» **TASK BRIEF**:
The entire listing, reproduced exactly and stripped of images, is the expected output.

===

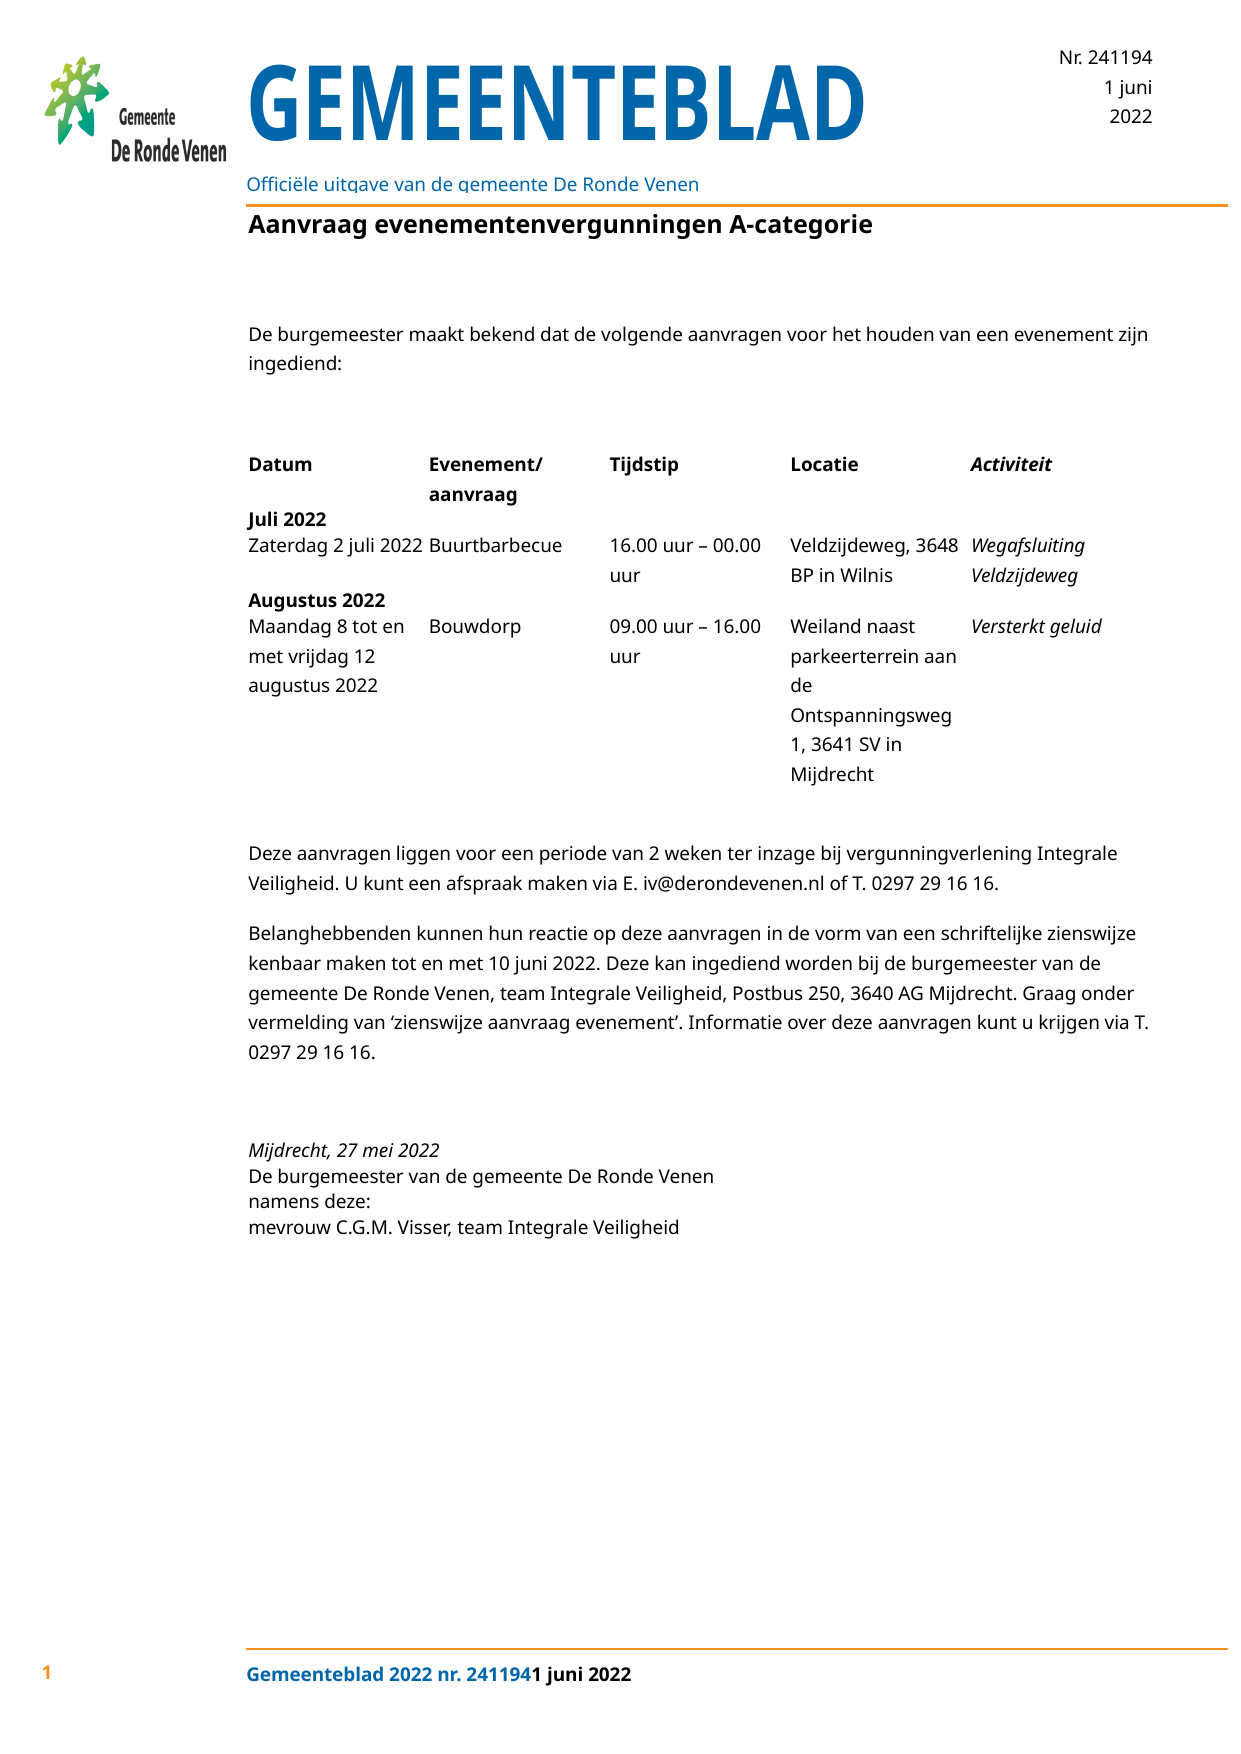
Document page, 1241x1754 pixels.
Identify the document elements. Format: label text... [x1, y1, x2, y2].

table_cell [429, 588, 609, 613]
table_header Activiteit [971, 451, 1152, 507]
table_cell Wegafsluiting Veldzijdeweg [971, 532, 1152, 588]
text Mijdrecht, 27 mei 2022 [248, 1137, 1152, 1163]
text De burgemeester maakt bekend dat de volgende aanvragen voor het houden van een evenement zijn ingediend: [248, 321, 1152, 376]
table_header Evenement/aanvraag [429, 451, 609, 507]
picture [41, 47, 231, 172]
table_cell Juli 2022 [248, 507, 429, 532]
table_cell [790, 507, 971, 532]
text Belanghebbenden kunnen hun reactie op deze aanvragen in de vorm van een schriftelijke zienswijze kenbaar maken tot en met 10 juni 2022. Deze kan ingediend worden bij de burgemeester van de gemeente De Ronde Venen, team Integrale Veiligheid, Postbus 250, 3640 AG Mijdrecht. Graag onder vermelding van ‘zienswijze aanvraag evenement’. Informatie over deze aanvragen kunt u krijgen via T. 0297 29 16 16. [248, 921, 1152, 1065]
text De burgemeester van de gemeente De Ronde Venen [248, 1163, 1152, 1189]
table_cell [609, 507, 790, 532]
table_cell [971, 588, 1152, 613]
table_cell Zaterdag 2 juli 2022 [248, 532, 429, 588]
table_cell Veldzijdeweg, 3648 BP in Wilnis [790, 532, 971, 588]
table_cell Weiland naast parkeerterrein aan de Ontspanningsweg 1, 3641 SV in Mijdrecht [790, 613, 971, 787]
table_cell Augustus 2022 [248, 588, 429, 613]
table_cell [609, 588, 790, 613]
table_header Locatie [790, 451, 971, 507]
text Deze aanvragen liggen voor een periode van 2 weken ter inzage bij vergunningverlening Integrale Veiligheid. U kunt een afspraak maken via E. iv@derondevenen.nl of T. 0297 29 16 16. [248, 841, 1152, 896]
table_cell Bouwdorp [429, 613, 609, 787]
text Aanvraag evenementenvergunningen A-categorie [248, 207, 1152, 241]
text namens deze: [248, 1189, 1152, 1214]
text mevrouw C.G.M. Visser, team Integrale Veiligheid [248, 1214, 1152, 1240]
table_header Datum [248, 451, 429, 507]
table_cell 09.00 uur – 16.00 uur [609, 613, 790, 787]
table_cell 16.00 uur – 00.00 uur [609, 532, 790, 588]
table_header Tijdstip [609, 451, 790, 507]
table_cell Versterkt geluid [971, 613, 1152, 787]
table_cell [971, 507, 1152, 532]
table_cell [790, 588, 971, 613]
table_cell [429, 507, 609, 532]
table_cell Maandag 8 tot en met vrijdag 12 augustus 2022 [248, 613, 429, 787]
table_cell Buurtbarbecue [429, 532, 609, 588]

===

» **SOLVED PROBLEM**:
Document page, 1241x1754 pixels.
Identify the document elements. Format: label text... [x1, y1, x2, y2].

table_cell [429, 588, 609, 613]
table_header Activiteit [971, 451, 1152, 507]
table_cell Wegafsluiting Veldzijdeweg [971, 532, 1152, 588]
text Mijdrecht, 27 mei 2022 [248, 1137, 1152, 1163]
text De burgemeester maakt bekend dat de volgende aanvragen voor het houden van een evenement zijn ingediend: [248, 321, 1152, 376]
table_header Evenement/aanvraag [429, 451, 609, 507]
picture [41, 47, 231, 172]
table_cell Juli 2022 [248, 507, 429, 532]
table_cell [790, 507, 971, 532]
text Belanghebbenden kunnen hun reactie op deze aanvragen in de vorm van een schriftelijke zienswijze kenbaar maken tot en met 10 juni 2022. Deze kan ingediend worden bij de burgemeester van de gemeente De Ronde Venen, team Integrale Veiligheid, Postbus 250, 3640 AG Mijdrecht. Graag onder vermelding van ‘zienswijze aanvraag evenement’. Informatie over deze aanvragen kunt u krijgen via T. 0297 29 16 16. [248, 921, 1152, 1065]
text De burgemeester van de gemeente De Ronde Venen [248, 1163, 1152, 1189]
table_cell [609, 507, 790, 532]
table_cell [971, 588, 1152, 613]
table_cell Zaterdag 2 juli 2022 [248, 532, 429, 588]
table_cell Veldzijdeweg, 3648 BP in Wilnis [790, 532, 971, 588]
table_cell Weiland naast parkeerterrein aan de Ontspanningsweg 1, 3641 SV in Mijdrecht [790, 613, 971, 787]
table_cell Augustus 2022 [248, 588, 429, 613]
table_cell [609, 588, 790, 613]
table_header Locatie [790, 451, 971, 507]
text Deze aanvragen liggen voor een periode van 2 weken ter inzage bij vergunningverlening Integrale Veiligheid. U kunt een afspraak maken via E. iv@derondevenen.nl of T. 0297 29 16 16. [248, 841, 1152, 896]
table_cell Bouwdorp [429, 613, 609, 787]
text Aanvraag evenementenvergunningen A-categorie [248, 207, 1152, 241]
text namens deze: [248, 1189, 1152, 1214]
text mevrouw C.G.M. Visser, team Integrale Veiligheid [248, 1214, 1152, 1240]
table_header Datum [248, 451, 429, 507]
table_cell 09.00 uur – 16.00 uur [609, 613, 790, 787]
table_cell 16.00 uur – 00.00 uur [609, 532, 790, 588]
table_header Tijdstip [609, 451, 790, 507]
table_cell Versterkt geluid [971, 613, 1152, 787]
table_cell [971, 507, 1152, 532]
table_cell [790, 588, 971, 613]
table_cell [429, 507, 609, 532]
table_cell Maandag 8 tot en met vrijdag 12 augustus 2022 [248, 613, 429, 787]
table_cell Buurtbarbecue [429, 532, 609, 588]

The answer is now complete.